■ Task description ■
Output each entry below as it stands, leaving out every picture.

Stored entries

▶

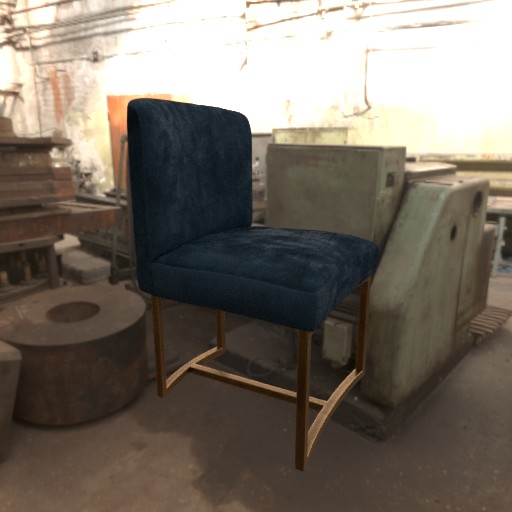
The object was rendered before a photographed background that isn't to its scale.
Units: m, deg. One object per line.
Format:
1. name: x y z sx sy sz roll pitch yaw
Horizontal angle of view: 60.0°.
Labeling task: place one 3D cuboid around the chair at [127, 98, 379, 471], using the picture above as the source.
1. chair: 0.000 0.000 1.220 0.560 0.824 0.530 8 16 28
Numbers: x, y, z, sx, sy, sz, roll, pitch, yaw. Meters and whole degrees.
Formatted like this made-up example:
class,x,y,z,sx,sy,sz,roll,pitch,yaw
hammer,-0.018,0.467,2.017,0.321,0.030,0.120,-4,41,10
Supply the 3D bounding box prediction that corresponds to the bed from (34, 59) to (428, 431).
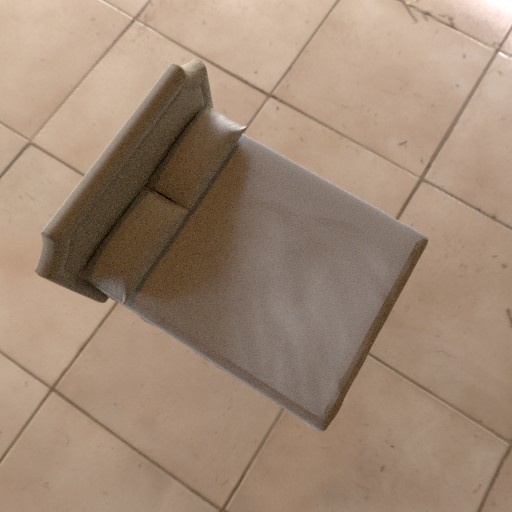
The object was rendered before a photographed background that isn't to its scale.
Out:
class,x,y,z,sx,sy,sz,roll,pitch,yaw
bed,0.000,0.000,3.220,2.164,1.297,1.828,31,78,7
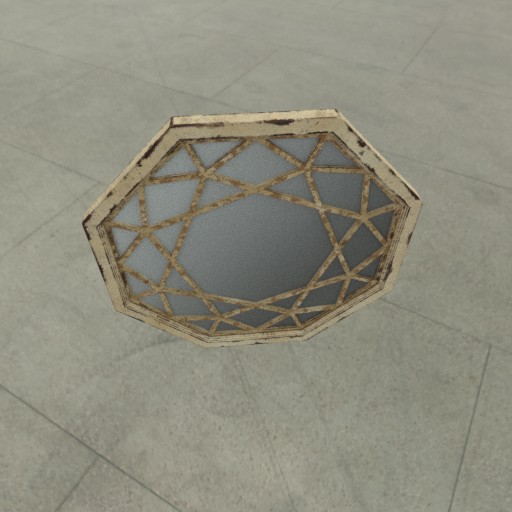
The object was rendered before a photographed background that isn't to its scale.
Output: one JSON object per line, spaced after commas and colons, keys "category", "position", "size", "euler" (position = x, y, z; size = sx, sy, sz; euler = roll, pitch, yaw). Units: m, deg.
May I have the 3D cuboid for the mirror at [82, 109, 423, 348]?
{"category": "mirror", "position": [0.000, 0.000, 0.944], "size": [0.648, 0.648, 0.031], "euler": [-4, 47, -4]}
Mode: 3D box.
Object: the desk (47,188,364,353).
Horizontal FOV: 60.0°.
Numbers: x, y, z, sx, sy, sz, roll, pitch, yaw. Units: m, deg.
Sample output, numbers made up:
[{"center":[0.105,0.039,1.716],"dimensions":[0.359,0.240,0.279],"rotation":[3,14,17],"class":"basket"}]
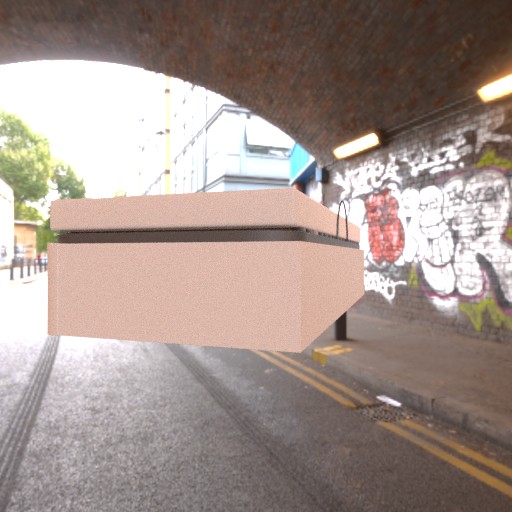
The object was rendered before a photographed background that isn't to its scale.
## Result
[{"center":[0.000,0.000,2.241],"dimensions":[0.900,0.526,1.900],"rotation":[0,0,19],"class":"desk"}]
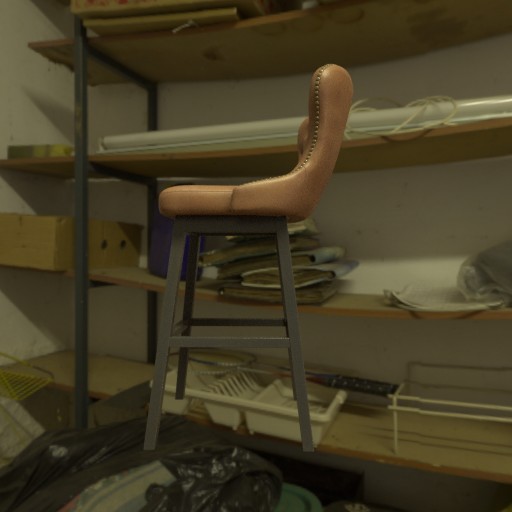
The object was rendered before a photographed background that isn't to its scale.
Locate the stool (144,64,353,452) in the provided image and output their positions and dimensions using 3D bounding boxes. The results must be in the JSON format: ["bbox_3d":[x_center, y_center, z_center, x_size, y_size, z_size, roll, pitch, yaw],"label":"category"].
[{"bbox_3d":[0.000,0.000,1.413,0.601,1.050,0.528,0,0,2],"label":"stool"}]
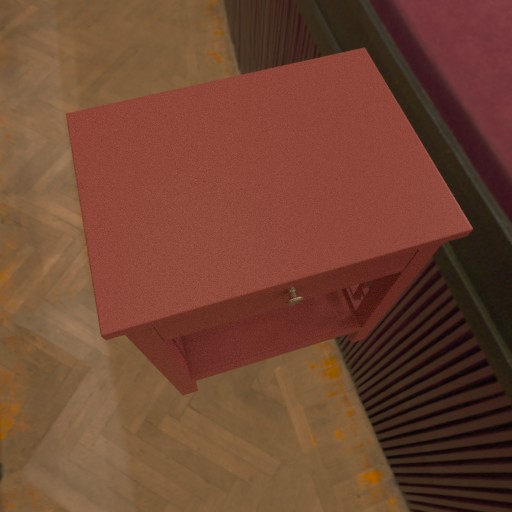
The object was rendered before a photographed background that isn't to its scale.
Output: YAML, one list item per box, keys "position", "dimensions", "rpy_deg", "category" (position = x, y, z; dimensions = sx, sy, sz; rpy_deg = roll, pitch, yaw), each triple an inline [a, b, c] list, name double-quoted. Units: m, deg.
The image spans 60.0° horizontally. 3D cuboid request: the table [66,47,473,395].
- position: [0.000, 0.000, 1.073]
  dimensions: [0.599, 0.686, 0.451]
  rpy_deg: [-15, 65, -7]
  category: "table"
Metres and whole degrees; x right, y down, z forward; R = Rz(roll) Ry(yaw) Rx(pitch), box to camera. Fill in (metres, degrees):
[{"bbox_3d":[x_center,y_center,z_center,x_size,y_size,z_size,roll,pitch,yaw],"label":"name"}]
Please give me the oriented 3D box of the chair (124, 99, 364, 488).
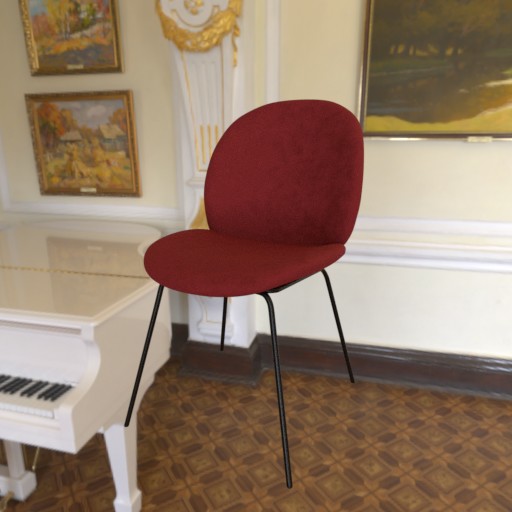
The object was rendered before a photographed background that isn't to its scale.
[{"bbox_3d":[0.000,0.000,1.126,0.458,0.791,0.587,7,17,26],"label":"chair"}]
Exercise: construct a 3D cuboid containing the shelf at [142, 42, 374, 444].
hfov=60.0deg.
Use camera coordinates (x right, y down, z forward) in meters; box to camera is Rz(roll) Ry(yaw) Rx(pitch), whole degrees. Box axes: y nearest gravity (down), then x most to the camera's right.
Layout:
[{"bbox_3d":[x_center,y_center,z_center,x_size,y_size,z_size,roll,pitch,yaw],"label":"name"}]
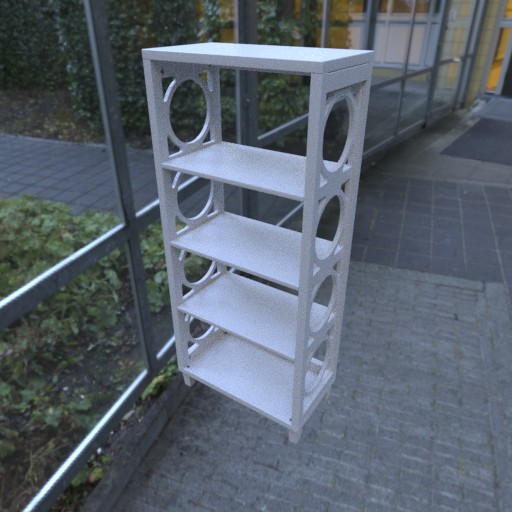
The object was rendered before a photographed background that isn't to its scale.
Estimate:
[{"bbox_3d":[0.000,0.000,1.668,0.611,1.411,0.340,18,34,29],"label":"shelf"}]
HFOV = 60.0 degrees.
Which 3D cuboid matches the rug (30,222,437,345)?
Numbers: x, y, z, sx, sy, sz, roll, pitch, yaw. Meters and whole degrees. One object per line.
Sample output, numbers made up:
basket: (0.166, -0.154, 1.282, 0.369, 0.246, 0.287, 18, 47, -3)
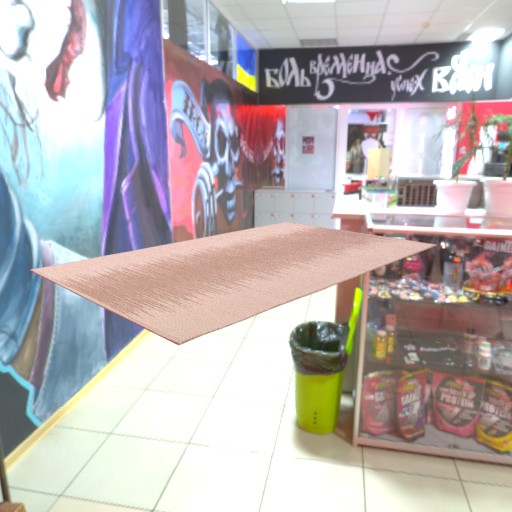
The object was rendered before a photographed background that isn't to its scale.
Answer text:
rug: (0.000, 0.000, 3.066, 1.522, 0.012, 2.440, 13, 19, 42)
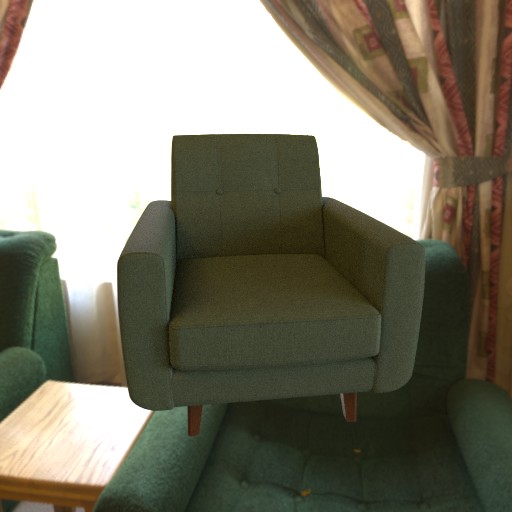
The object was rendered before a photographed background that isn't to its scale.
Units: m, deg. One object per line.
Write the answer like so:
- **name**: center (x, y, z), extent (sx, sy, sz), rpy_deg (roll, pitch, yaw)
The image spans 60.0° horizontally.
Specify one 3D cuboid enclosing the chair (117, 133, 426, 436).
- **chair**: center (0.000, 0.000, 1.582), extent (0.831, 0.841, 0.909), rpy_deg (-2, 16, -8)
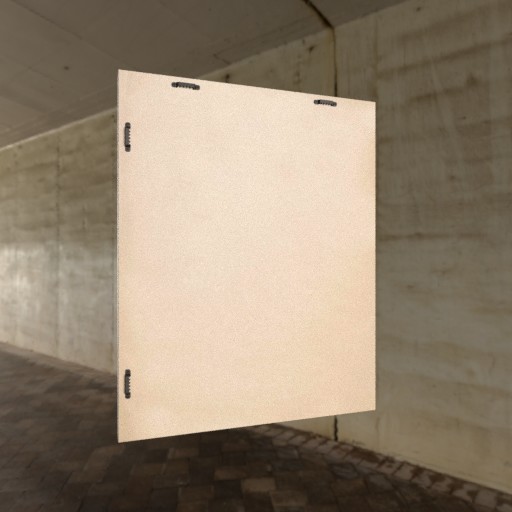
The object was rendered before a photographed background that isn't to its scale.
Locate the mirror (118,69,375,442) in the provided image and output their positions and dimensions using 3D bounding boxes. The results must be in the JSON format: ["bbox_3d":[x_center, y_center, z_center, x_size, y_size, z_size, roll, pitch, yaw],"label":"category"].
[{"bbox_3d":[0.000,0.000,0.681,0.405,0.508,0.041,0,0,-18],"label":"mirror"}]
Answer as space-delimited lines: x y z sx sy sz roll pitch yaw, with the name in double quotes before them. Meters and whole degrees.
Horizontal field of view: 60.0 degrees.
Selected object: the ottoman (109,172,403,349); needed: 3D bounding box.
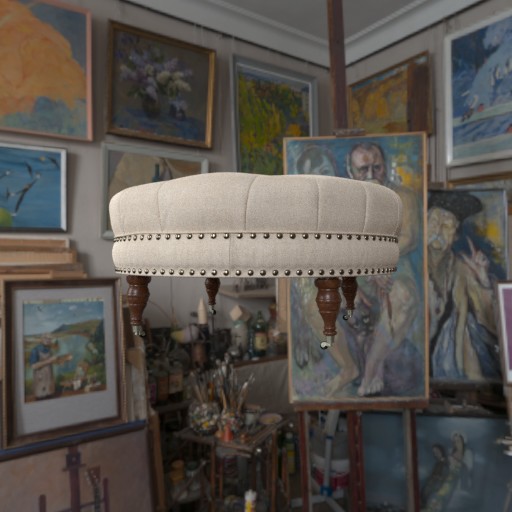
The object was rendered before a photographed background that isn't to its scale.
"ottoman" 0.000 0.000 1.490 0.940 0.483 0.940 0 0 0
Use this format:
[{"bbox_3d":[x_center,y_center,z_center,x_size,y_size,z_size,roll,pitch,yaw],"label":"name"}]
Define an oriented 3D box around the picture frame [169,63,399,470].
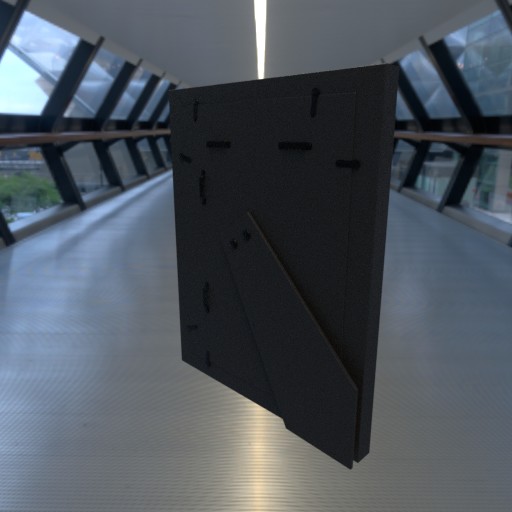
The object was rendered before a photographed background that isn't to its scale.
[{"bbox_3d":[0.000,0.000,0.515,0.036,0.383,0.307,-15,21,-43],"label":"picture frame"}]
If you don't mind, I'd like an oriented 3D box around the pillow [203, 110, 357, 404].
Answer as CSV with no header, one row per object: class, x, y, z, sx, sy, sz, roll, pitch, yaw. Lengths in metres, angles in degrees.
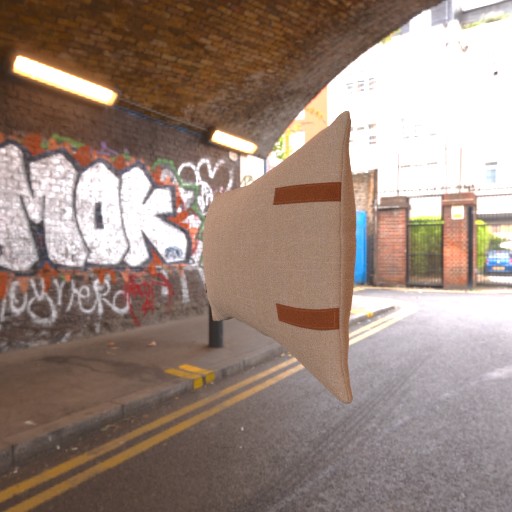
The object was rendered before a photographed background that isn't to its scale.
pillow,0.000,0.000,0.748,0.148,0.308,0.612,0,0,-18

◀

■ Answer box ■
The object was rendered before a photographed background that isn't to its scale.
Units: m, deg. One object per line.
Format:
1. name: x y z sx sy sz roll pitch yaw
Horizontal angle of view: 60.0°.
Labeling task: place one 3D cuboid around the chair at [127, 98, 379, 471], using the picture above as the source.
1. chair: 0.000 0.000 1.220 0.560 0.824 0.530 8 16 28
Numbers: x, y, z, sx, sy, sz, roll, pitch, yaw. Meters and whole degrees.
Formatted like this made-up example:
class,x,y,z,sx,sy,sz,roll,pitch,yaw
hammer,-0.018,0.467,2.017,0.321,0.030,0.120,-4,41,10
Supply the 3D bounding box prediction that corresponds to the bed from (34, 59) to (428, 431).
The object was rendered before a photographed background that isn't to its scale.
Out:
class,x,y,z,sx,sy,sz,roll,pitch,yaw
bed,0.000,0.000,3.220,2.164,1.297,1.828,31,78,7
The object was rendered before a photographed background that isn't to its scale.
Output: one JSON object per line, spaced after commas and colons, keys "category", "position", "size", "euler" (position = x, y, z; size = sx, sy, sz; euler = roll, pitch, yaw). Units: m, deg.
May I have the 3D cuboid for the mirror at [82, 109, 423, 348]?
{"category": "mirror", "position": [0.000, 0.000, 0.944], "size": [0.648, 0.648, 0.031], "euler": [-4, 47, -4]}
Mode: 3D box.
Object: the desk (47,188,364,353).
Horizontal FOV: 60.0°.
Numbers: x, y, z, sx, sy, sz, roll, pitch, yaw. Units: m, deg.
Sample output, numbers made up:
[{"center":[0.105,0.039,1.716],"dimensions":[0.359,0.240,0.279],"rotation":[3,14,17],"class":"basket"}]
The object was rendered before a photographed background that isn't to its scale.
## Result
[{"center":[0.000,0.000,2.241],"dimensions":[0.900,0.526,1.900],"rotation":[0,0,19],"class":"desk"}]
The object was rendered before a photographed background that isn't to its scale.
Locate the stool (144,64,353,452) in the provided image and output their positions and dimensions using 3D bounding boxes. The results must be in the JSON format: ["bbox_3d":[x_center, y_center, z_center, x_size, y_size, z_size, roll, pitch, yaw],"label":"category"].
[{"bbox_3d":[0.000,0.000,1.413,0.601,1.050,0.528,0,0,2],"label":"stool"}]
The object was rendered before a photographed background that isn't to its scale.
Output: YAML, one list item per box, keys "position", "dimensions", "rpy_deg", "category" (position = x, y, z; dimensions = sx, sy, sz; rpy_deg = roll, pitch, yaw), each triple an inline [a, b, c] list, name double-quoted. Units: m, deg.
The image spans 60.0° horizontally. 3D cuboid request: the table [66,47,473,395].
- position: [0.000, 0.000, 1.073]
  dimensions: [0.599, 0.686, 0.451]
  rpy_deg: [-15, 65, -7]
  category: "table"
Metres and whole degrees; x right, y down, z forward; R = Rz(roll) Ry(yaw) Rx(pitch), box to camera. Fill in (metres, degrees):
[{"bbox_3d":[x_center,y_center,z_center,x_size,y_size,z_size,roll,pitch,yaw],"label":"name"}]
Please give me the oriented 3D box of the chair (124, 99, 364, 488).
The object was rendered before a photographed background that isn't to its scale.
[{"bbox_3d":[0.000,0.000,1.126,0.458,0.791,0.587,7,17,26],"label":"chair"}]
Exercise: construct a 3D cuboid containing the shelf at [142, 42, 374, 444].
hfov=60.0deg.
Use camera coordinates (x right, y down, z forward) in meters; box to camera is Rz(roll) Ry(yaw) Rx(pitch), whole degrees. Box axes: y nearest gravity (down), then x most to the camera's right.
Layout:
[{"bbox_3d":[x_center,y_center,z_center,x_size,y_size,z_size,roll,pitch,yaw],"label":"name"}]
The object was rendered before a photographed background that isn't to its scale.
Estimate:
[{"bbox_3d":[0.000,0.000,1.668,0.611,1.411,0.340,18,34,29],"label":"shelf"}]
HFOV = 60.0 degrees.
Which 3D cuboid matches the rug (30,222,437,345)?
Numbers: x, y, z, sx, sy, sz, roll, pitch, yaw. Meters and whole degrees. One object per line.
Sample output, numbers made up:
basket: (0.166, -0.154, 1.282, 0.369, 0.246, 0.287, 18, 47, -3)
The object was rendered before a photographed background that isn't to its scale.
Answer text:
rug: (0.000, 0.000, 3.066, 1.522, 0.012, 2.440, 13, 19, 42)
The object was rendered before a photographed background that isn't to its scale.
Units: m, deg. One object per line.
Write the answer like so:
- **name**: center (x, y, z), extent (sx, sy, sz), rpy_deg (roll, pitch, yaw)
The image spans 60.0° horizontally.
Specify one 3D cuboid enclosing the chair (117, 133, 426, 436).
- **chair**: center (0.000, 0.000, 1.582), extent (0.831, 0.841, 0.909), rpy_deg (-2, 16, -8)
The object was rendered before a photographed background that isn't to its scale.
Locate the mirror (118,69,375,442) in the provided image and output their positions and dimensions using 3D bounding boxes. The results must be in the JSON format: ["bbox_3d":[x_center, y_center, z_center, x_size, y_size, z_size, roll, pitch, yaw],"label":"category"].
[{"bbox_3d":[0.000,0.000,0.681,0.405,0.508,0.041,0,0,-18],"label":"mirror"}]
Answer as space-delimited lines: x y z sx sy sz roll pitch yaw, with the name in double quotes before them. Meters and whole degrees.
Horizontal field of view: 60.0 degrees.
Selected object: the ottoman (109,172,403,349); needed: 3D bounding box.
The object was rendered before a photographed background that isn't to its scale.
"ottoman" 0.000 0.000 1.490 0.940 0.483 0.940 0 0 0
Use this format:
[{"bbox_3d":[x_center,y_center,z_center,x_size,y_size,z_size,roll,pitch,yaw],"label":"name"}]
Define an oriented 3D box around the picture frame [169,63,399,470].
The object was rendered before a photographed background that isn't to its scale.
[{"bbox_3d":[0.000,0.000,0.515,0.036,0.383,0.307,-15,21,-43],"label":"picture frame"}]
If you don't mind, I'd like an oriented 3D box around the pillow [203, 110, 357, 404].
Answer as CSV with no header, one row per object: class, x, y, z, sx, sy, sz, roll, pitch, yaw. Lengths in metres, angles in degrees.
The object was rendered before a photographed background that isn't to its scale.
pillow,0.000,0.000,0.748,0.148,0.308,0.612,0,0,-18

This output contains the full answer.